它冲着大君笑了笑,好像很轻快很关切无比充满家国情怀先天下之忧而忧后天下之乐而乐的样子,
然而,面前的年轻男子并未做出答复,他只是定定地看着面前的恶鬼,
他看见了那张可怖的脸,那双眼睛里深不见底的煞气和贪婪。
“陛下您.............”魑魅还未将‘是怎么想的’几个字还未来得及说出口,突然整个身躯好像从后面被什么东西死死束缚住了,
不可能是鬼神!
他现在的状态根本无法施展这种强力的术!
回过头才发现,一个年龄约莫五十来岁衣着华丽的漂亮女人连同着好几个护卫模样的鬼,从背后施法将他死死地束缚住,
太后,
虽说有些皱纹爬上了她的脸庞,却依旧是风韵犹存气场十足的模样。

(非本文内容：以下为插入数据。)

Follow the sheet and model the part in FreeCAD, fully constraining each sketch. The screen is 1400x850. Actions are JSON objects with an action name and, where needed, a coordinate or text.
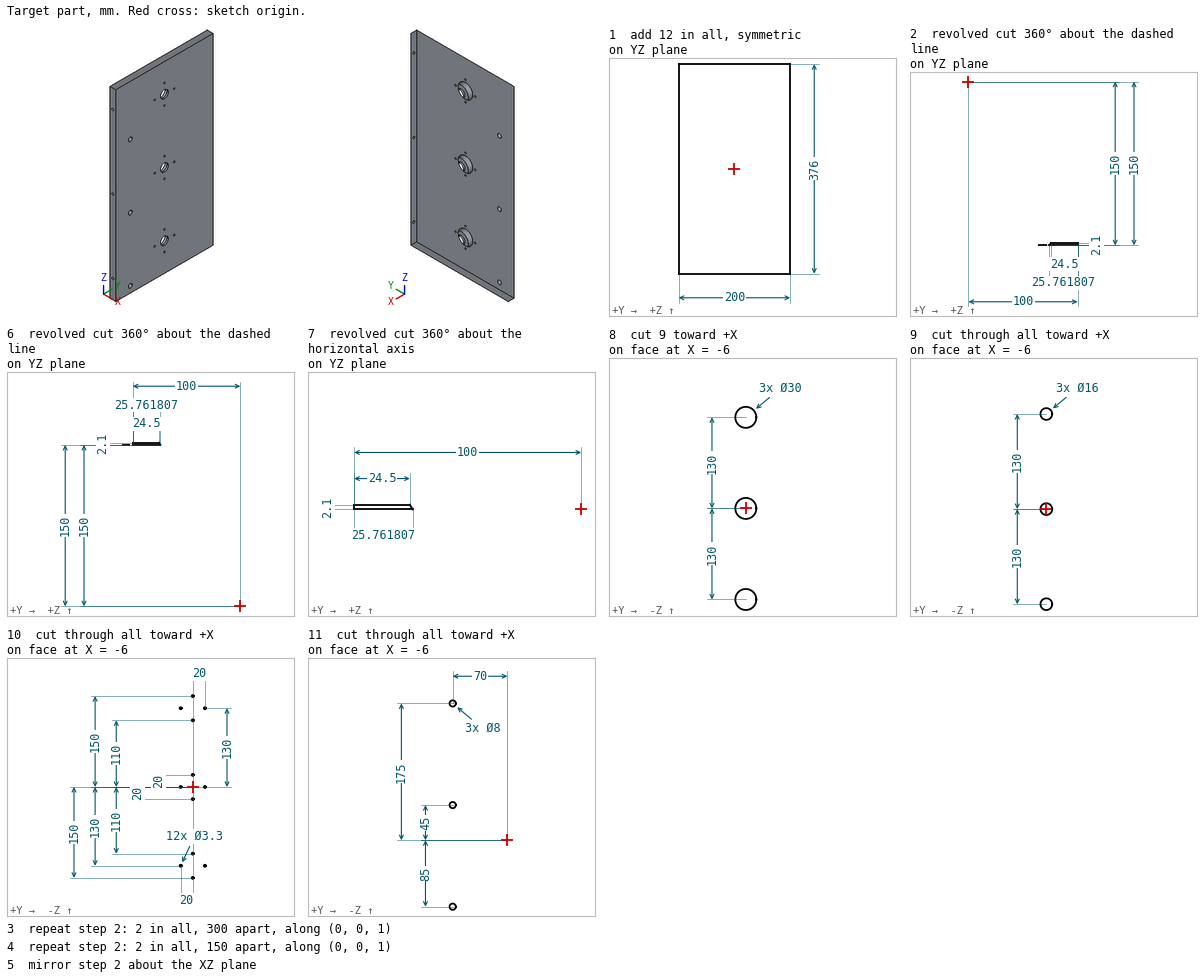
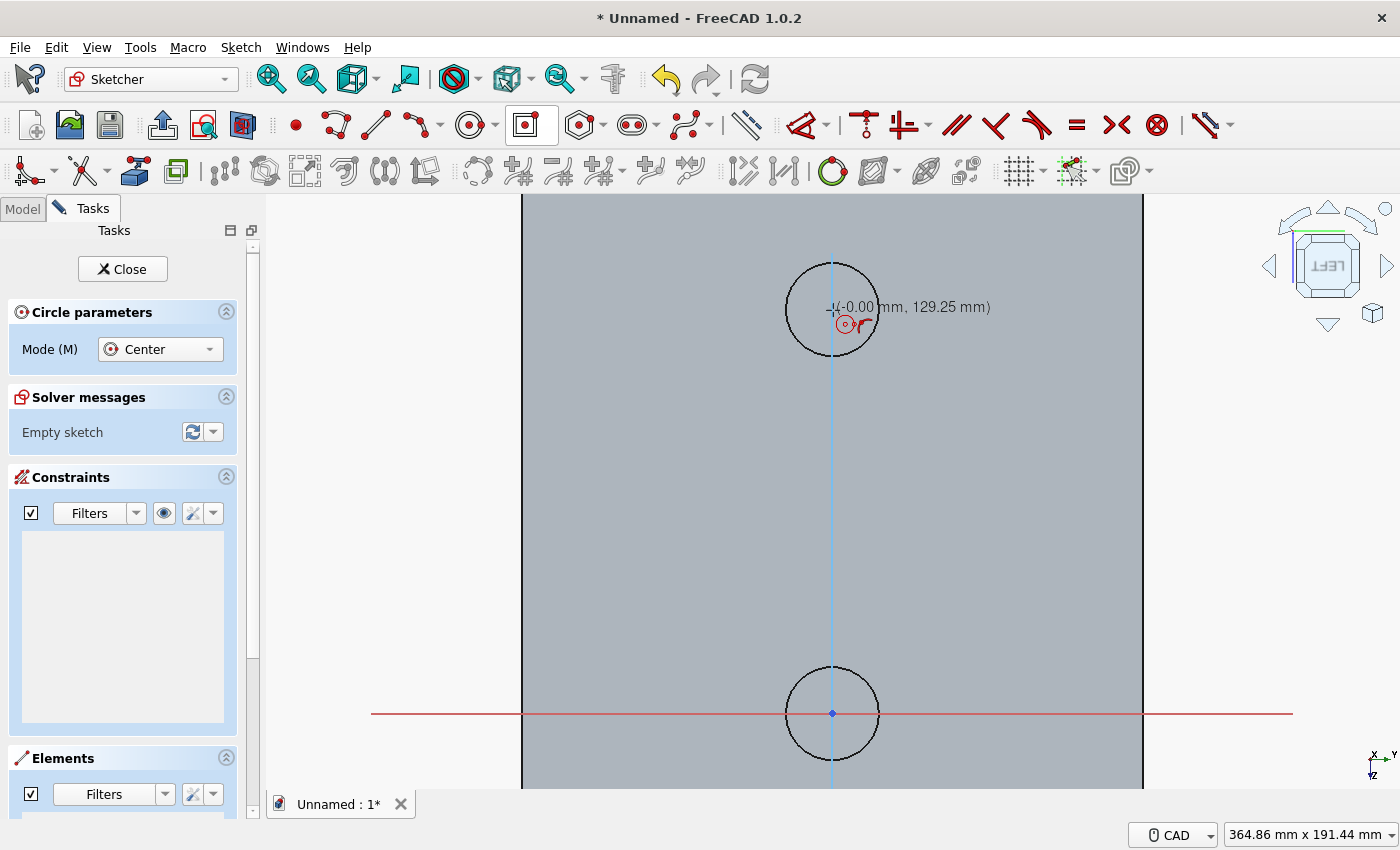
{"action": "left_click", "coordinate": [832, 310]}
{"action": "mouse_move", "coordinate": [850, 292]}

她恶狠狠地盯着魑魅,眼睛似乎要喷发出火光,
“太后娘娘................”
“闭嘴!先前的大君退位了也还是太上皇,就算我是女鬼就算他今天因为公事没来,我也拥有处决你的权力!”
话音未落,只见太后来到魑魅身前,示意带土放手后,她一个用力想要拿回权杖,
可是魑魅依然死死攥着不肯放手,
“娘娘您别急,陛下都还没回答我的话。”
“少来这套!我们都知道了你的诡计。马上松手归还魔力权杖。看样子还不松开是吧,来人!上以极刑!”

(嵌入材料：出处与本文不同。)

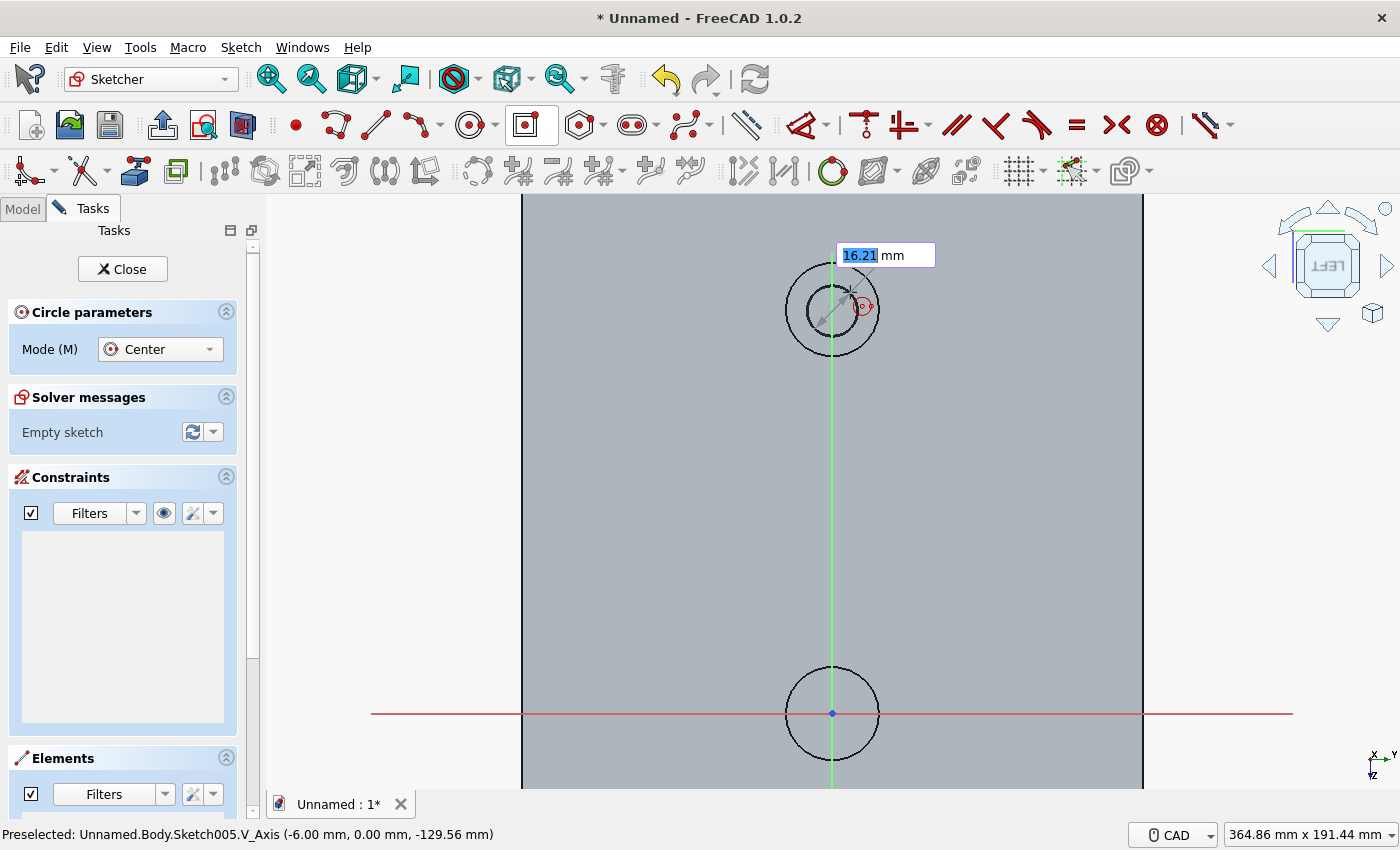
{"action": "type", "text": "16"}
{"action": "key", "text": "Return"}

说罢,只见太后手指轻轻在空中一点,瞬间,就凭空多了几个刽子手模样的鬼,
“娘娘饶命!”
“太迟了!”
刽子手们走到了魑魅面前,太后也出于回避走开了,可她手中束缚住魑魅的法术依然没有停下来,
那个年轻的君王示意带土来到他的身边时,身后突然响起了凄厉的惨叫声,
“啊!!!!!!!”
太后依然用法术束缚住魑魅,那几个刽子手已经动手了,被施加极刑所带来的痛苦令它不由得惨叫着,
带土微微皱了皱眉,别过头,不想去看那恶鬼表情扭曲的惨状。
“带土,你做的很好。”
直到大君率先开口时,原本还在愣神的带土,这才有了反应,
“您,就是新即位的冥界大君?也就是之前的太子?”
“嗯。”
“失礼了,方才没能为陛下请安,真是抱歉。”
“没事,应该是寡人感谢你才对。带土,时间到了,快去结界那处吧,姑娘们都还在那里呢,应该很安全。”
“嗯..........”
“这里就交给我们皇族来处理吧,快去,好好和新娘道别。”
“好的。”
带土的脸上霎时挂起了一抹满是凄凉的笑,同大君道别后,他转身,朝着结界的方向走去,
那深蓝色的高大背影,渐渐被隐没在了至深的夜色之中。